From Marketing the Moon.
Meanwhile, the relationship between NASA and television, always important, became downright symbiotic. Scott and Jurek quote Don Hewitt, president of CBS News: “If television brought you distasteful things like race riots and a war we couldn’t win, it also brought you the astronauts. It was a chance for television to show that it, too, had the right stuff.” To feed the media beast, NASA expended much effort developing the compact, reliable TV camera that went to the Moon with the Apollo 11 crew and showed the world the first, now legendary human footsteps on another world.
Then came the Change. All of NASA’s marketing and publicity—not to mention nearly all of its scientific and engineering energy—had been devoted to the solitary goal of putting a man on the Moon “by the end of the decade,” as Kennedy had promised. Once the prize was attained, NASA became just another agency spending money, and astronauts became more government employees doing their jobs. In reality, polls show that support for space exploration “was neither widespread nor very deep” all through the 1960s, the authors note. What Americans had supported was completing an awesome challenge and, in doing so, beating the Russians. After Apollo 11, no amount of marketing muscle could reinvent that consensus.

From Marketing the Moon.
Oh, NASA tried. Engineers kept improving the quality of the video cameras, hoping to keep television audiences riveted, to little effect. During Apollo 12, astronaut Alan Bean accidentally pointed the camera toward the Sun and burned out its image processor, terminating the video feed from the Moon. TV networks, forced to cut away, discovered that audiences didn’t care. NASA’s golden moment was over. By the time of Apollo 15 and Fallen Astronaut, President Richard Nixon had already canceled the planned Moon missions 18 through 20, and it was clear that most of NASA’s grandiose follow-up proposals described missions that would never occur.
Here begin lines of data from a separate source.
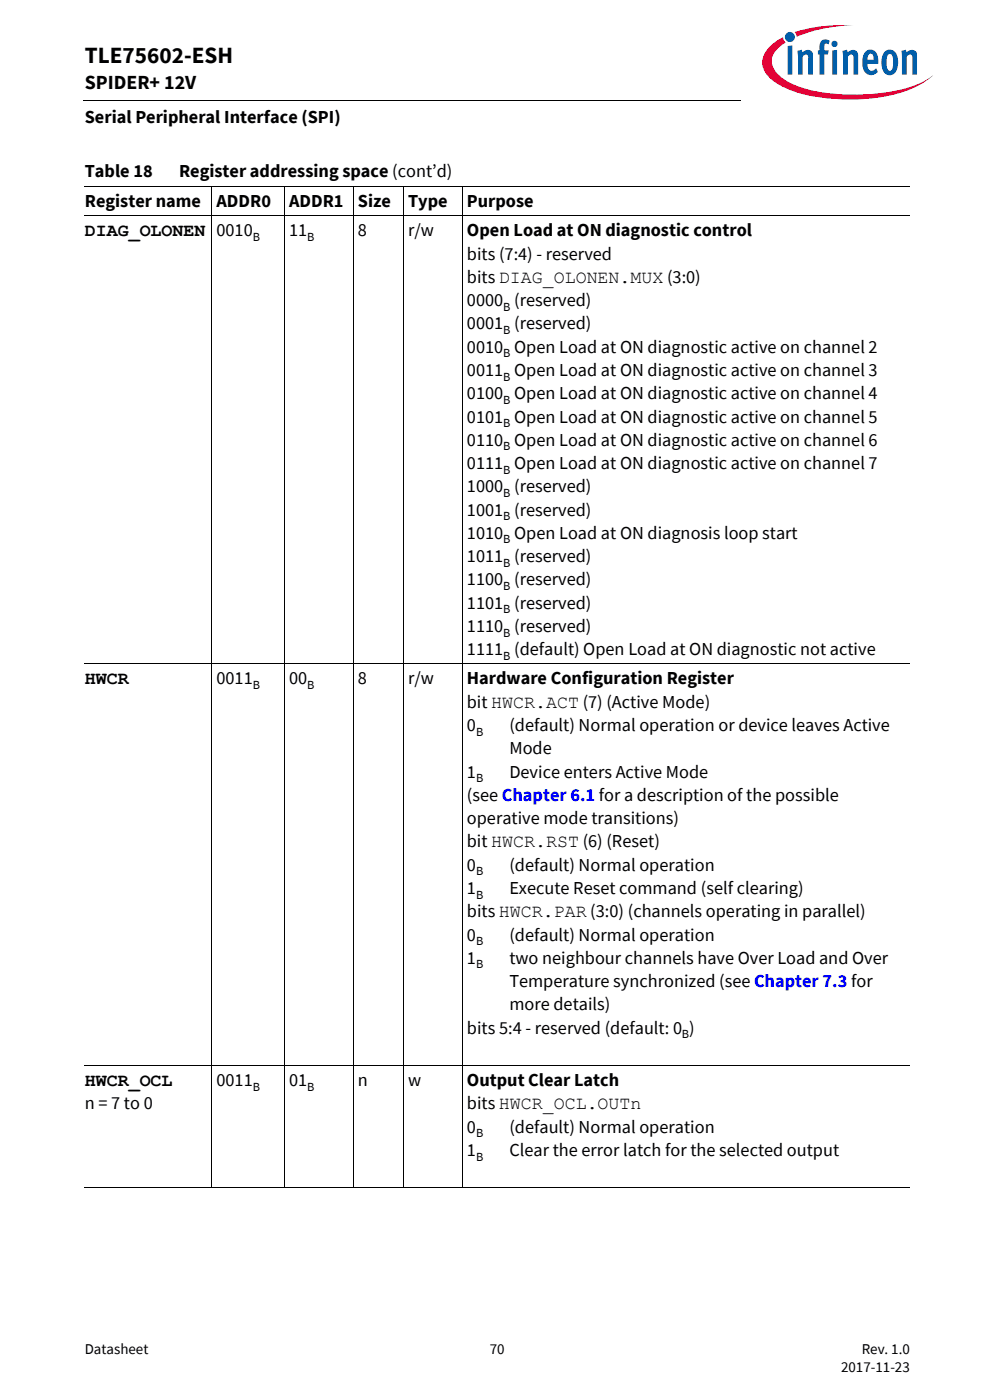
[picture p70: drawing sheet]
<svg xmlns="http://www.w3.org/2000/svg" width="210mm" height="297mm" viewBox="0 0 210 297" stroke-linecap="round" stroke-linejoin="round" font-family="sans-serif">
<defs><g id="words">
<text font-size="4.9" x="18" y="13.4">TLE75602-ESH</text>
<text font-size="4.2" x="18" y="19">SPIDER+ 12V</text>
<g font-size="3.9">
<text x="18" y="26.2">Serial Peripheral Interface (SPI)</text>
<text x="18" y="37.6">Table 18</text>
<text x="38" y="37.6">Register addressing space (cont’d)</text>
<text x="18" y="44">Register name</text>
<text x="45.9" y="44">ADDR0</text>
<text x="61.3" y="44">ADDR1</text>
<text x="75.9" y="44">Size</text>
<text x="86.6" y="44">Type</text>
<text x="99" y="44">Purpose</text>
<text x="18" y="50.1">DIAG_OLONEN</text>
<text x="45.9" y="50.1">0010</text>
<text x="61.3" y="50.1">11</text>
<text x="75.9" y="50.1">8</text>
<text x="86.6" y="50.1">r/w</text>
<text x="99" y="50.1">Open Load at ON diagnostic control</text>
<text x="99" y="55.1">bits (7:4) - reserved</text>
<text x="99" y="64.9">0000 (reserved)</text>
<text x="99" y="60">bits DIAG_OLONEN.MUX (3:0)</text>
<text x="99" y="69.9">0001 (reserved)</text>
<text x="99" y="74.8">0010 Open Load at ON diagnostic active on channel 2</text>
<text x="99" y="79.8">0011 Open Load at ON diagnostic active on channel 3</text>
<text x="99" y="84.7">0100 Open Load at ON diagnostic active on channel 4</text>
<text x="99" y="89.6">0101 Open Load at ON diagnostic active on channel 5</text>
<text x="99" y="94.6">0110 Open Load at ON diagnostic active on channel 6</text>
<text x="99" y="99.5">0111 Open Load at ON diagnostic active on channel 7</text>
<text x="99" y="104.5">1000 (reserved)</text>
<text x="99" y="109.4">1001 (reserved)</text>
<text x="99" y="114.3">1010 Open Load at ON diagnosis loop start</text>
<text x="99" y="119.3">1011 (reserved)</text>
<text x="99" y="124.2">1100 (reserved)</text>
<text x="99" y="129.2">1101 (reserved)</text>
<text x="99" y="134.1">1110 (reserved)</text>
<text x="99" y="139">1111 (default) Open Load at ON diagnostic not active</text>
<text x="18" y="145.2">HWCR</text>
<text x="45.9" y="145.2">0011</text>
<text x="61.3" y="145.2">00</text>
<text x="75.9" y="145.2">8</text>
<text x="86.6" y="145.2">r/w</text>
<text x="99" y="145.2">Hardware Configuration Register</text>
<text x="99" y="150.1">bit HWCR.ACT (7) (Active Mode)</text>
<text x="99" y="155.1">0</text>
<text x="108" y="155.1">(default) Normal operation or device leaves Active</text>
<text x="108" y="160">Mode</text>
<text x="99" y="165">1</text>
<text x="108" y="165">Device enters Active Mode</text>
<text x="99" y="169.9">(see Chapter 6.1 for a description of the possible</text>
<text x="99" y="174.8">operative mode transitions)</text>
<text x="99" y="179.8">bit HWCR.RST (6) (Reset)</text>
<text x="99" y="184.7">0</text>
<text x="108" y="184.7">(default) Normal operation</text>
<text x="99" y="189.7">1</text>
<text x="108" y="189.7">Execute Reset command (self clearing)</text>
<text x="99" y="194.6">bits HWCR.PAR (3:0) (channels operating in parallel)</text>
<text x="99" y="199.5">0</text>
<text x="108" y="199.5">(default) Normal operation</text>
<text x="99" y="204.5">1</text>
<text x="108" y="204.5">two neighbour channels have Over Load and Over</text>
<text x="108" y="209.4">Temperature synchronized (see Chapter 7.3 for</text>
<text x="108" y="214.4">more details)</text>
<text x="99" y="219.3">bits 5:4 - reserved (default: 0 )</text>
<text x="18" y="230.4">HWCR_OCL</text>
<text x="45.9" y="230.4">0011</text>
<text x="61.3" y="230.4">01</text>
<text x="75.9" y="230.4">n</text>
<text x="86.6" y="230.4">w</text>
<text x="99" y="230.4">Output Clear Latch</text>
<text x="18" y="235.4">n = 7 to 0</text>
<text x="99" y="235.4">bits HWCR_OCL.OUTn</text>
<text x="99" y="240.3">0</text>
<text x="99" y="245.2">1</text>
<text x="108" y="240.3">(default) Normal operation</text>
<text x="108" y="245.2">Clear the error latch for the selected output</text>
</g>
<g font-size="3.2">
<text x="18" y="287.3">Datasheet</text>
<text x="103.9" y="287.3">70</text>
<text x="182.8" y="287.3">Rev. 1.0</text>
<text x="178.4" y="291.2">2017-11-23</text>
</g>
<g font-size="2.6">
<text x="53.6" y="51.1">B</text>
<text x="65.2" y="51.1">B</text>
<text x="106.7" y="65.9">B</text>
<text x="106.7" y="70.8">B</text>
<text x="106.7" y="75.8">B</text>
<text x="106.7" y="80.7">B</text>
<text x="106.7" y="85.7">B</text>
<text x="106.7" y="90.6">B</text>
<text x="106.7" y="95.5">B</text>
<text x="106.7" y="100.5">B</text>
<text x="106.7" y="105.4">B</text>
<text x="106.7" y="110.4">B</text>
<text x="106.7" y="115.3">B</text>
<text x="106.7" y="120.3">B</text>
<text x="106.7" y="125.2">B</text>
<text x="106.7" y="130.1">B</text>
<text x="106.7" y="135.1">B</text>
<text x="106.7" y="140">B</text>
<text x="53.6" y="146.2">B</text>
<text x="65.2" y="146.2">B</text>
<text x="101" y="156.1">B</text>
<text x="101" y="165.9">B</text>
<text x="101" y="185.7">B</text>
<text x="101" y="190.6">B</text>
<text x="101" y="200.5">B</text>
<text x="101" y="205.4">B</text>
<text x="144.6" y="220.3">B</text>
<text x="53.6" y="231.4">B</text>
<text x="65.2" y="231.4">B</text>
<text x="101" y="241.3">B</text>
<text x="101" y="246.2">B</text>
</g>
</g></defs>
<path d="M17.7 21.3l.1 .1z" fill="#000"/>
<path d="M17.8 21.4h140.5" fill="none" stroke="#000" stroke-width=".21"/>
<path d="M157.3 5.1h42.7v21.5h-42.7z" fill="#fff"/>
<path d="M168.6 6.8l.4 1 1.4-.5a31.9 31.9 0 0 1 10.7-1.9 32.2 32.2 0 0 0-12.5 1.4zM163.4 9.8a4.3 4.3 0 0 0 0 6.9 21.8 21.8 0 0 0 11.7 4.1 38.5 38.5 0 0 0 18.7-2.1 14.3 14.3 0 0 0 4.2-2.8 18.4 18.4 0 0 1-8.8 3.5 40.4 40.4 0 0 1-20.2-1.2l-1.6-.7a6.4 6.4 0 0 1-3.7-4.4 5.1 5.1 0 0 1 2.9-4.1l-.3-.3-.2-.8-1 .5z" fill-rule="evenodd" fill="#e30034"/>
<path d="M166.5 7.8a1.06 1.06 0 0 0 2.1 0 1.06 1.06 0 0 0-2.1 0zM167.1 9.8v6h.9v-6.2zM169.1 10.8l.2 1.3v3.7h.9v-3.8l.7-.4h.3l.2 .3v3.9h1v-3.9a1.21 1.21 0 0 0-.8-1.3 1.21 1.21 0 0 0-1.4 .5l-.1-.6zM174.3 8.6a2.41 2.41 0 0 0-.5 2.1h-.3v.9h.3v4.2h1v-4.2h.8l.2-.9h-1v-.9a.49 .49 0 0 1 .3-.6 .49 .49 0 0 1 .6 .2l.3-.7a1.45 1.45 0 0 0-1.7-.1zM176.5 10.7v5.1h1v-5.2zM176.3 9.3a.7 .7 0 0 0 1.4 0 .7 .7 0 0 0-1.4 0zM178.7 10.8l.1 5h1v-3.8a.64 .64 0 0 1 .5-.5 .64 .64 0 0 1 .7 .4v3.9h1v-3.9a1.22 1.22 0 0 0-.8-1.3 1.22 1.22 0 0 0-1.4 .5l-.2-.6zM183.7 10.8a3.9 3.9 0 0 0-.1 4.7 1.76 1.76 0 0 0 2.6-.3l-.4-.7a.99 .99 0 0 1-1.6 .1l-.2-1.1h2.3v-.2a2.3 2.3 0 0 0-1.5-2.8h-.5zM184.2 11.7a.65 .65 0 0 1 .9-.2 .65 .65 0 0 1 .2 .9v.3h-1.3zM187.7 10.9a3.9 3.9 0 0 0 .1 4.8 1.68 1.68 0 0 0 2.6-1.5 3.8 3.8 0 0 0-.7-3.3 1.59 1.59 0 0 0-2 0zM188.4 11.6l.2-.1a.86 .86 0 0 1 .8 1.2v.7a1.26 1.26 0 0 1-.6 1.6 2.12 2.12 0 0 1-.7-2.3l.1-.9zM191.2 10.8l.1 5h1v-3.8l.7-.4h.3l.2 .3v3.9h1v-4.2a1.08 1.08 0 0 0-.6-1 1.08 1.08 0 0 0-1.3 .2l-.4 .3v-.6z" fill-rule="evenodd" fill="#005da9"/>
<path d="M18 39.6h175M44.9 39.5v212.5M60.3 39.5v212.5M74.9 39.5v212.5M85.5 39.5v212.5M98 39.5v212.5M18 45.8h175M18 140.9h175M18 226.1h175M18 252h175" fill="none" stroke="#000" stroke-width=".21"/>
<use href="#words"/>
</svg>

Throughout their account, Scott and Jurek are evenhanded and meticulous in chronicling NASA’s efforts—sometimes naive, occasionally manipulative, always heartfelt—to make the Apollo program into a national movement. At the end of Marketing the Moon, I hoped for some follow-on analysis about what has happened to NASA since Apollo and about how the agency might build a new consensus for human exploration of space. The authors don’t do that, and on reflection I understand why. The great strength of their writing is its emphasis on documentation over didacticism.
Marketing the Moon follows the ad-world dictum that NASA itself failed to heed: Always leave ’em wanting more.